Timing light at zero degree advance. Check ignition timing on cylinders #1 and #4. Both cylinders should fire at the TDC mark at idle and at or close to the advance mark at full rpms.
Timing light set on 180 degree advance. Check ignition timing on cylinders #2 and #3. Should have same results, TDC mark at idle and at or close to the advance mark at full rpms.
I have an excuse. CRS.
I forgot to say, if it's not getting enough total advance it will not have good power especially at higher engine speeds, but it will idle nicely and sound pretty good with no load.
if your timing was 180 it would not run at all, by the sound of it the timing is retarded / firing right at TDC,, advanve the timing till it doesnt bark so much. under a load i time cubs by ear. I advance the timing to the point where the valves ping. then back off. the further you can advance the timing on any engine the more torque developed. I have had cubs with the timing retarded so much that aluminim pistons would melt down blowing hot aluminum out the exhaust. Of course if you have cast iron pistons they would just get red hot.

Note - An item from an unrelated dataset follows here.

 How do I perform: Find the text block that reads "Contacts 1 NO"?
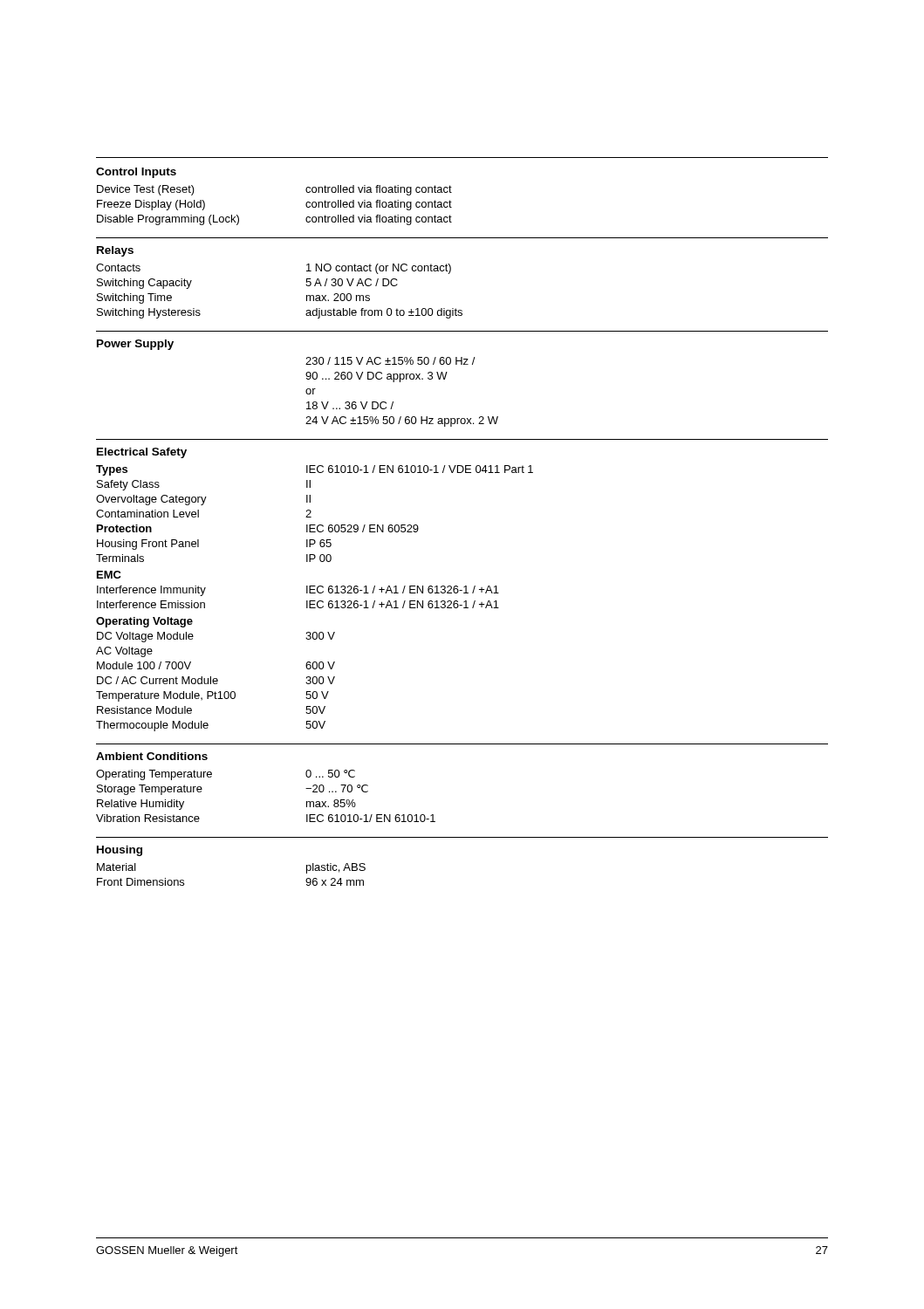point(112,268)
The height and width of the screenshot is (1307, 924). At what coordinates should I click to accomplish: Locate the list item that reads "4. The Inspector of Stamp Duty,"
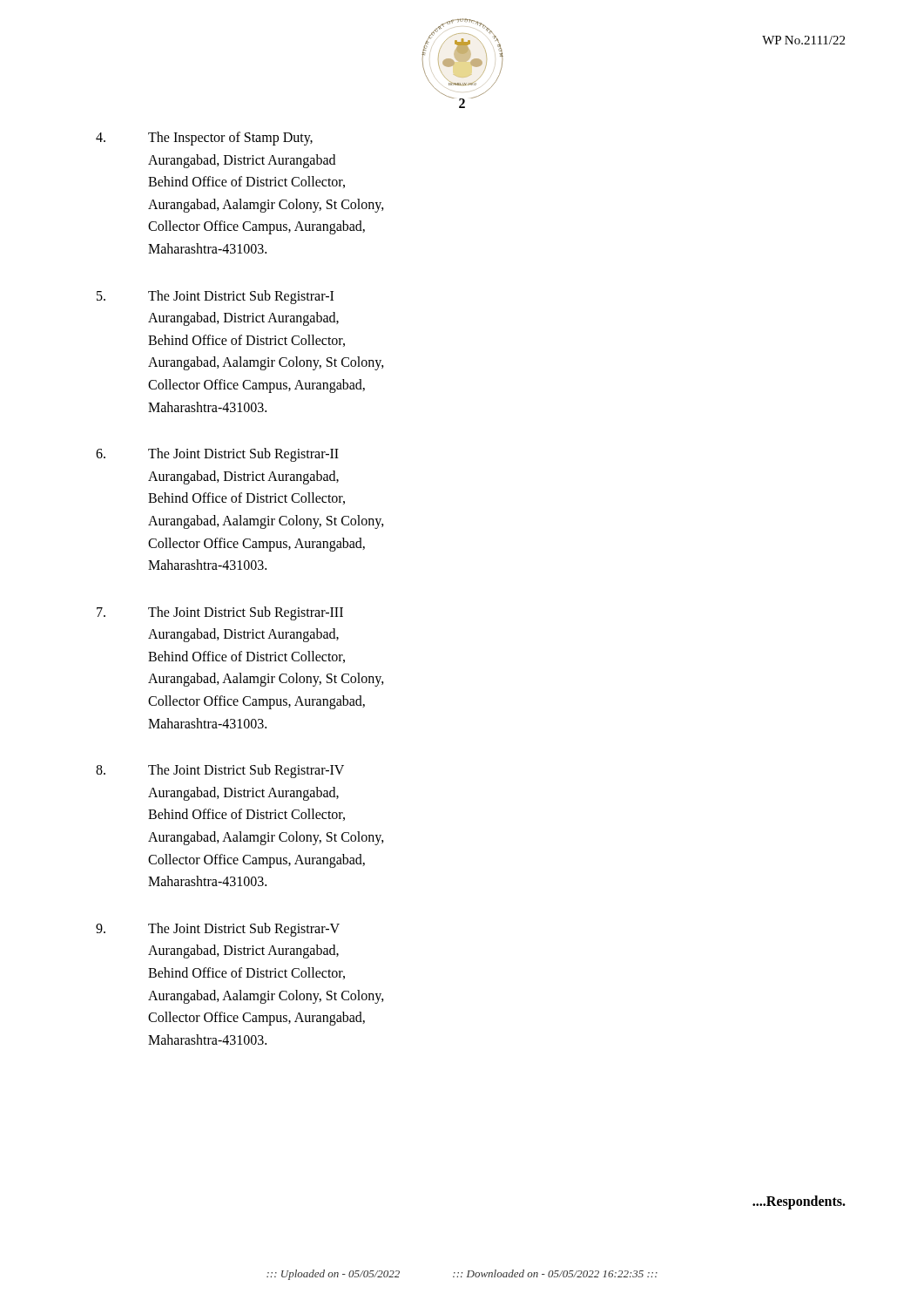tap(204, 139)

Collector of Farmall cubs and cub cadets.Injoy helping people keep their cubs running. Years of experipnce.
Timing by ear. I've been told by many old timers that that's how you do it with these old 4-cylinder Farmalls.
My experience with trying to use timing lights seems to support it. The light is just all over the place...
The way you do it is advance until the tractor starts to stumble at idle, then back off until it's smooth. Ram the throttle to full and if it stumbles, back off a little more and try again until it doesn't.
Or try hand cranking it. If it breaks your arm, back it off a little more and try again until it doesn't.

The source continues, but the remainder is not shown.